陆柍淡漠看着在人群中挣扎的客人,心里想得全是如何在此处获取消息。赌坊人多眼杂,却是交易或商议的好地方。声音会被赌徒的喊叫声给抹去,身影会被挤挨的人群给掩盖。
这里,也应该有狄珞交易。
她沉浸于观察中,背后却有人轻拍她的肩膀,她回身,乃是一胡人男子。
身着金丝锦袍,头戴圆顶毡帽,留小八字胡须,发丝下垂成绺,典型的胡人扮相,可是不知为何,陆柍觉着此人有些熟悉。
直到对方掩面轻咳,她才认出,这是……千夜!
“姑娘,我订的松鼠鳜鱼饭可是送到了?”千夜慈善地笑,话语中带着点胡人的调调。
陆柍随即点头,做了个手势:“客官请坐。”
这一声不大不小,却能传入阿明的耳朵,他立刻对陆柍传来一个不满的眼神。
直到千夜坐下,两人也不再对话,他才继续手上的动作。
千夜见状只好用眼神同陆柍交流,他看着自己的袖子,拿起筷子的手也在不断摇晃衣袖。陆柍了然,不动声色地从他的衣袖中取出纸条,收入自己怀中。
眼下她还不知阿明是敌是友,还是小心谨慎为好,免得被抓住把柄。
于是取完纸条后,陆柍又忙着去为新来的客人端菜。
半个时辰后,阿明带着陆柍原路返回。
此时,主街上多了不少游走的行人,皆头戴鬼怪面具,腰间佩刀,手提幽灯,遍布于各个摊子前。两人经过时,还能闻到一股奇异的香味。
这香味是黑市的巡逻侍卫身上的,因其武功高强,来无影去无踪,俗称鬼影子。
陆柍亦步亦趋紧跟前人,待出了石门,才将头抬起,这会已经换了一拨守门的侍卫,人数更多,面色却同样冷似寒铁,目视两人离去,令人头皮发麻。
“方才你不该在里头说话。”走远,阿明才闷闷地发声。
“阿明兄,今日是我冲动,往后不会再有这样的情况。”陆柍诚恳道歉,见对方脸色稍加缓和,小心翼翼地问道:“阿明兄,我方才见你在里头闭眼走路,却能找到地方,这是如何做到的?”
“待的时间长,便能做到。里头的街道皆有规律,十步一铺子,百步一分叉,转角地砖不同。我在心中数数,自然不会在意他人所言,也不会听到什么不该听的。你也可尝试,如此,便能少些危险。”
“多谢阿明兄提点,明日我便试试。”黑市地形多变,除去能看见的几条街,还有隐于浓雾中的六大楼阁,陆柍心下犯难,这可如何将地形图画出?
“阿明兄,方才回时街上多了许多带面具之人,但去时却无,你可知这是为何?我怕自己做事笨手笨脚,冲撞了他们,您同我说,我好避开。”

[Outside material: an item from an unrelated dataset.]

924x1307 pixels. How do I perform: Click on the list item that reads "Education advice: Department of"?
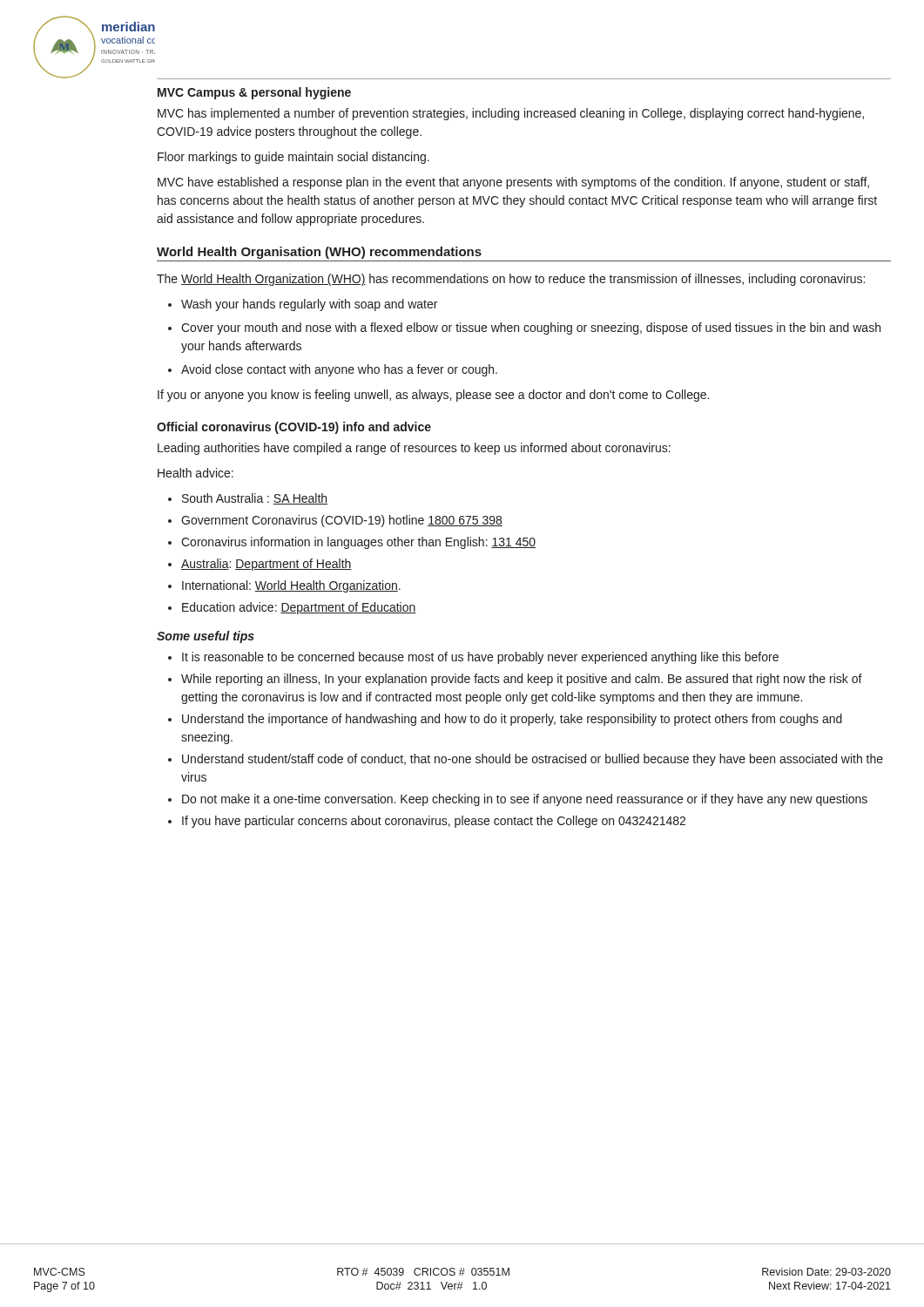[x=299, y=608]
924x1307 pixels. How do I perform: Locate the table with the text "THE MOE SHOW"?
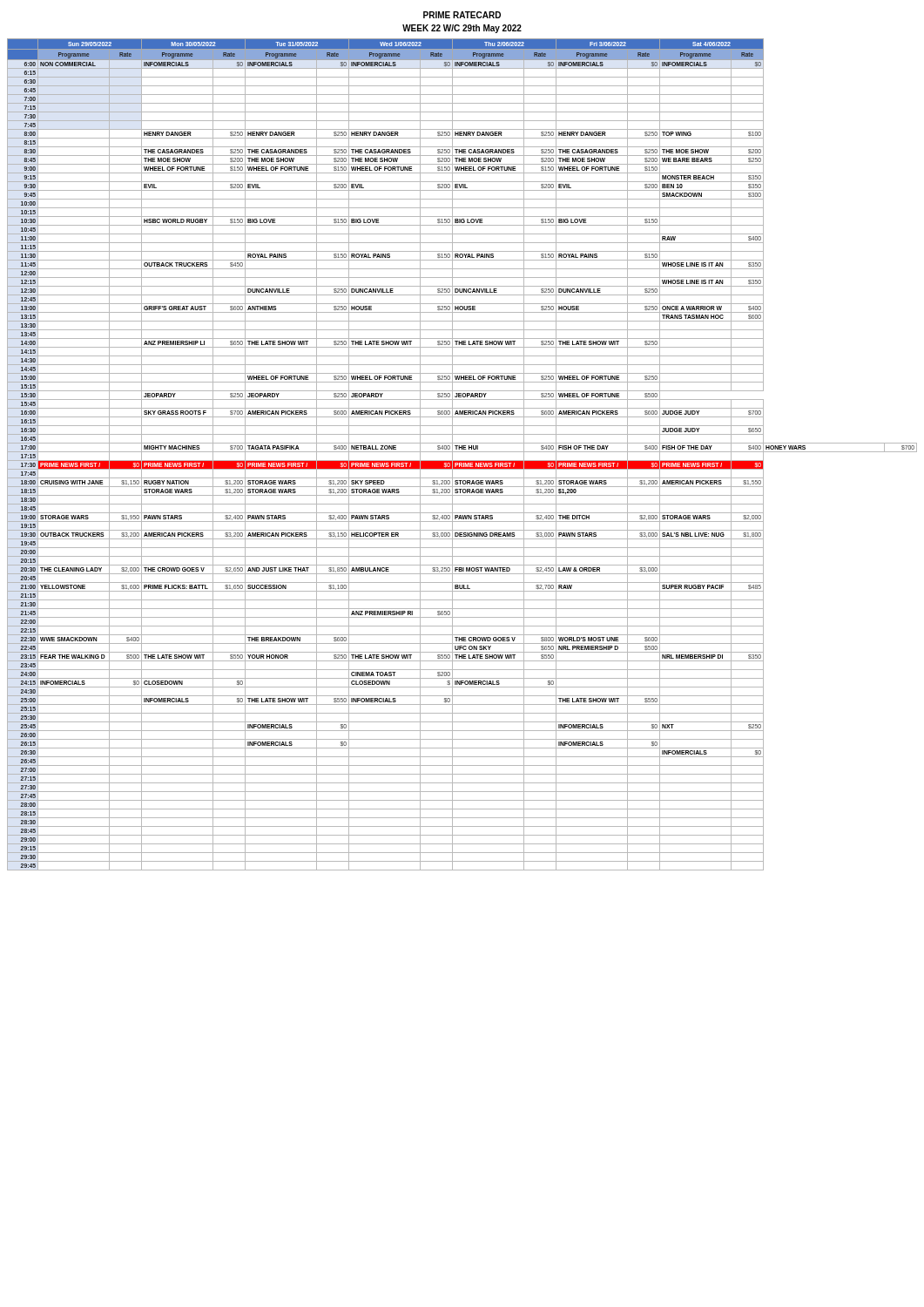(x=462, y=454)

阿明眼中闪过一丝狐疑,但见她眼神清澈,只道她是真心想避开:“去时他们也在,不过在暗处,有事才会出来。方才我脚步加快,便是赶紧离开。日后你再见着,也需快些离开。”
陆柍点头,心中却隐隐有些担忧。她才在赌坊见到千夜,这些鬼影子便出来了,莫不是他们发现了什么。
阿明见她的神情,安慰道:“阿辞姑娘不必过分担忧,我来这两年,见到鬼影子的次数寥寥可数,我们只需低头疾走,不会有性命之忧的。”
寥寥可数?陆柍对他勉强一笑,心里越发紧张。
若是平日里见不着,今日却突然出现,怕是黑市发生了大事。也不知千夜递给她的纸条上有何内容,她需早些回去查看。

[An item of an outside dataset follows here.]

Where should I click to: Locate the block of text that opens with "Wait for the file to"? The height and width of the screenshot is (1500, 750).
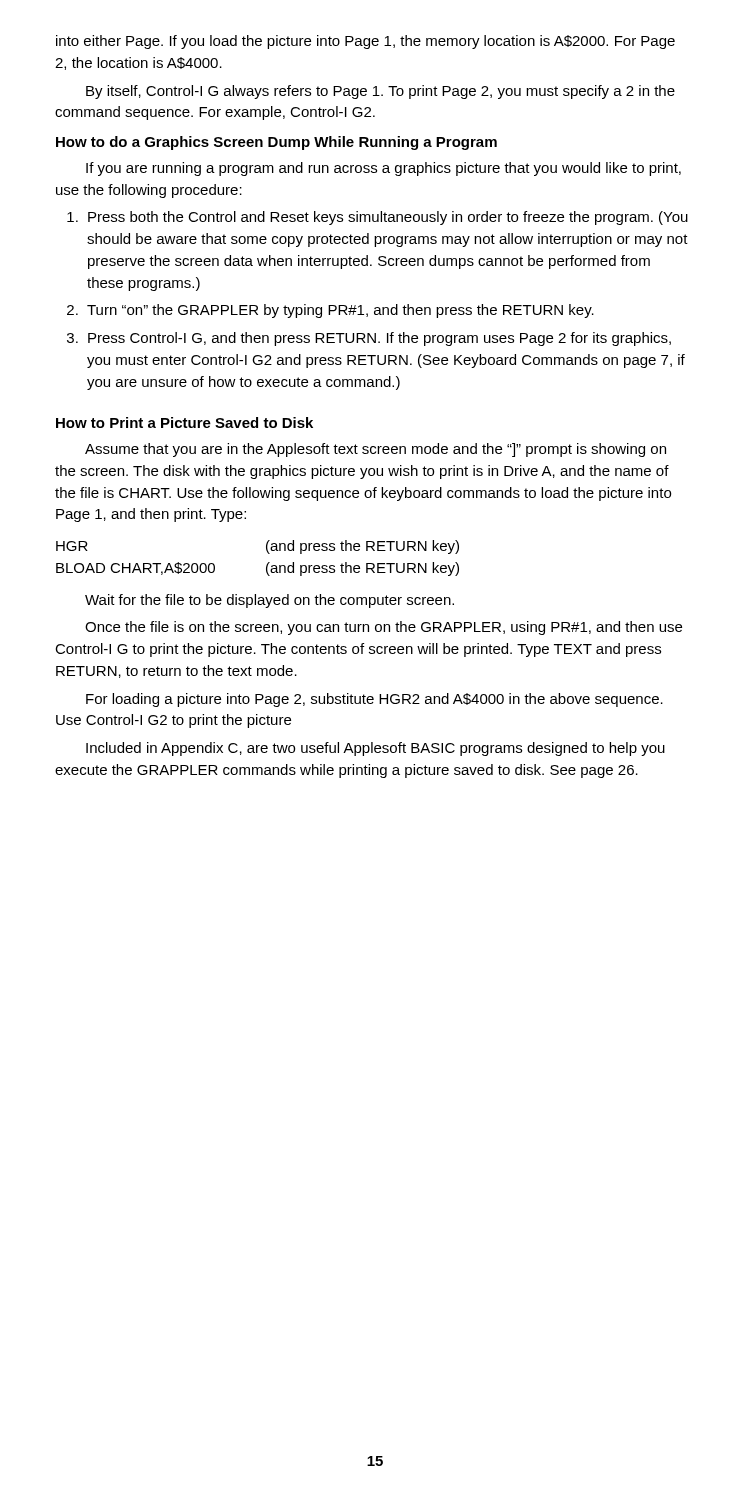tap(372, 684)

可惜,她刚回到金樽楼,又一板车酒菜拉了过来,没有片刻停歇的机会。
——
如陆柍所想,黑市确实发生了大事,有两毛贼胆大包天,盗取商铺珍藏古董几十件,待发现时,已过去一个时辰。鬼影子逐个商铺搜查,无果,直接将城门关闭,独留了通往金樽楼的门。
黑市之内,千夜靠在赌坊窗边小憩,一群人突然冲了进来,他缓缓睁开眼睛,慵懒地舒展身体后便随人群集中在大厅,等待搜身。
“尔等可有见过两个长相相似,高约六尺,身穿青衣,头带红花之人?若是见到,速速道出,有奖金五十两银,若是不肯说,被我发现私下暗藏盗贼,休想活着离开鬼魅城!”
人群中有人发声:“这不是江洋大盗张良与张献二两兄弟吗?”
“你认识?”首领上前将他揪了出来:“可有见到二人行踪,速速道来!”
他连忙摆手:“不不不,我先前在江陵,这两人是有名的盗贼,我不过是道听途说,和大人您描述的形象有些对上罢了。我方才沉浸于游戏,哪能注意到往来之人呢?”
首领收回手,赌坊中的客人多为官家子弟,纵情娱乐,确实不会在意进出的人。他四下扫过雄鹰般锐利的眼神,冷冷道:“搜!”
人群中,千夜的嘴角勾起一抹不易察觉的笑容。
他进来得不算容易,好在大人提前知晓情报,让这二位大侠替他分去了视线。
他将手抬起,转身,放下,任由鬼影子搜身。进城时他已经被搜了一道身,如今身上剩下的,除了微薄银两,哪还有其他东西呢?
他眼珠转得飞快,思考着该从哪位公子身上得点银两,方便去揽月楼寻周钰之。
忽然,他从人群中瞧见一人,工部尚书之侄,姚颂。
——
不多时,千夜便由人带进揽月楼。
他从窗户进入一厢房,屋中人正和衣躺在床上,看似熟睡,却在千夜近身的一刻快速将刀锋对准千夜的脖颈。
千夜用手指戳了戳脖子上的剑,无奈道:“周钰之,你这可就大逆不道了啊,把剑架在你师叔脖子上。”
周钰之诧异万分,揉了揉眼睛,方明白不是在做梦,于是语气激动道:“你怎么来了?”
“大人吩咐我来帮你。你虽是将狄珞证据到手,但暂时还不可带出。”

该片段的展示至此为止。